As a long time user of MySQL, I've switched to PostgreSQL for my most recent startup precisely because the PostgreSQL team continue to innovate in a sensible way.

One of the core requirements is a stable, fast and reliable initial import of existing data from 3rd party services, and because of throttling concerns that led us to a batched, retryable solution - and a requirement for simple, fast job control.

We've built this around a parallelised solution using the FOR UPDATE/SKIP LOCKED feature from PostgreSQL 9.5 onwards.

It's not bleeding edge, but for us it was a great example of how the pg team pick up the useful features from e.g. Oracle, and incorporate them into the product in a solid way, without all the enterprisey marketing crap that Oracle make you swallow before you can understand the actual feature-set.

[the startup is a SaaS search tool that helps you index across Trello, email, GitHub, Slack, Drive - https://getctx.io if you're interested.]

devj

For a product like yours, don't you think a NoSQL solution would be a better fit? If yes, why didn't you opt for it? If no, then why(especially considering the fact that your schemas are always in a state of flux)? PS: This is under the assumption that you have used Postgres for storing all the data from different sources.

rorygibson

Hi devj, You're absolutely correct that an RDBMS would be an odd solution for a search index *

Anyway, on CTX I use PostgreSQL for storing things that deserve to be relational - job control, batching, users, accounts, billing, invitation codes...

All the indexed content is in an Elastic Search cluster (http://elastic.co if you're unfamiliar - it's a specialised search indexing data store built atop Apache Lucene)

* though actually PostgreSQL has a really good capability as a JSON store that means people do sometimes use it as a NoSQL solution

kuschku

PostgreSQL has really good capability not just as JSON store, but also for search and indexing.

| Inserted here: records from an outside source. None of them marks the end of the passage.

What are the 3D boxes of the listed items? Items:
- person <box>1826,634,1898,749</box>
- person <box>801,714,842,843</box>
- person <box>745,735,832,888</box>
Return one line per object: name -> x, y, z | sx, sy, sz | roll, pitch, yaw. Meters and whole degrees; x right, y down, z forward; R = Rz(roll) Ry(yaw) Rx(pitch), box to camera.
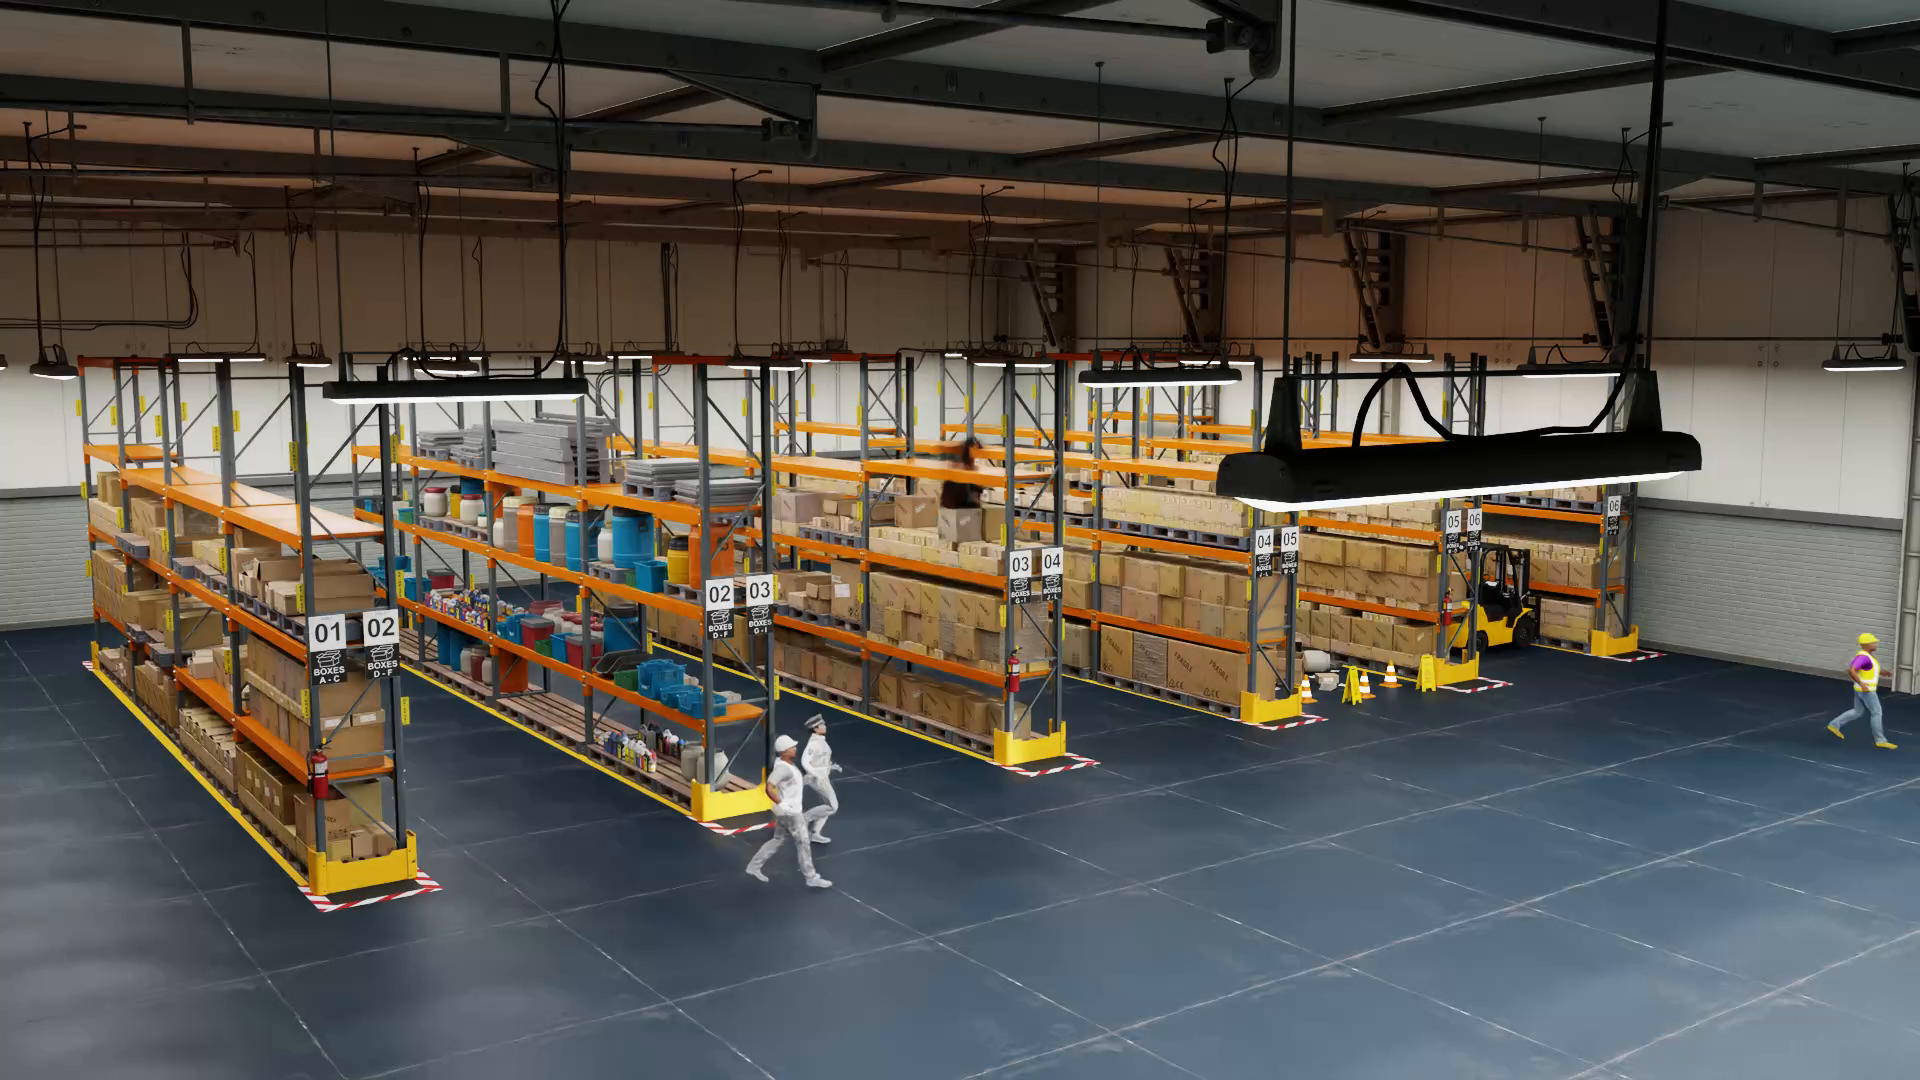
person -> 14.009, 2.312, 25.734 | 0.985, 1.751, 0.717 | 3, 8, 24
person -> -1.761, 2.992, 20.883 | 0.551, 1.654, 0.623 | 0, 7, 1
person -> -1.972, 3.110, 19.058 | 0.988, 1.777, 0.680 | -2, 7, -13

Its text search solutions come close to ElasticSearch, with - surprisingly - even better performance.

rorygibson

tbh I haven't looked into PostgreSQL as a direct competitor to ES in the text search space, mostly because I have quite a lot of ES experience of things like aggregation for faceting, stemming and textual analysis, and I had a (perhaps incorrect) assumption that PostgresSQL was less capable in those more specialised areas.

One thing I would like to understand is how the PostgreSQL search experience scales with data volume. My main cluster for CTX will potentially get (very) big and I don't know enough about PostgreSQL, multi-master and full-text search across large amounts of data.

I'll definitely do some digging though, thanks!

jacobr1

You might want to look at https://github.com/zombodb/zombodb. It extends PG to use ES as an external source for indexes. So you can do an ES based text search and return a data stored in PG along with doing joins to other tables. Zombo even works with Citus to handle PG level sharding.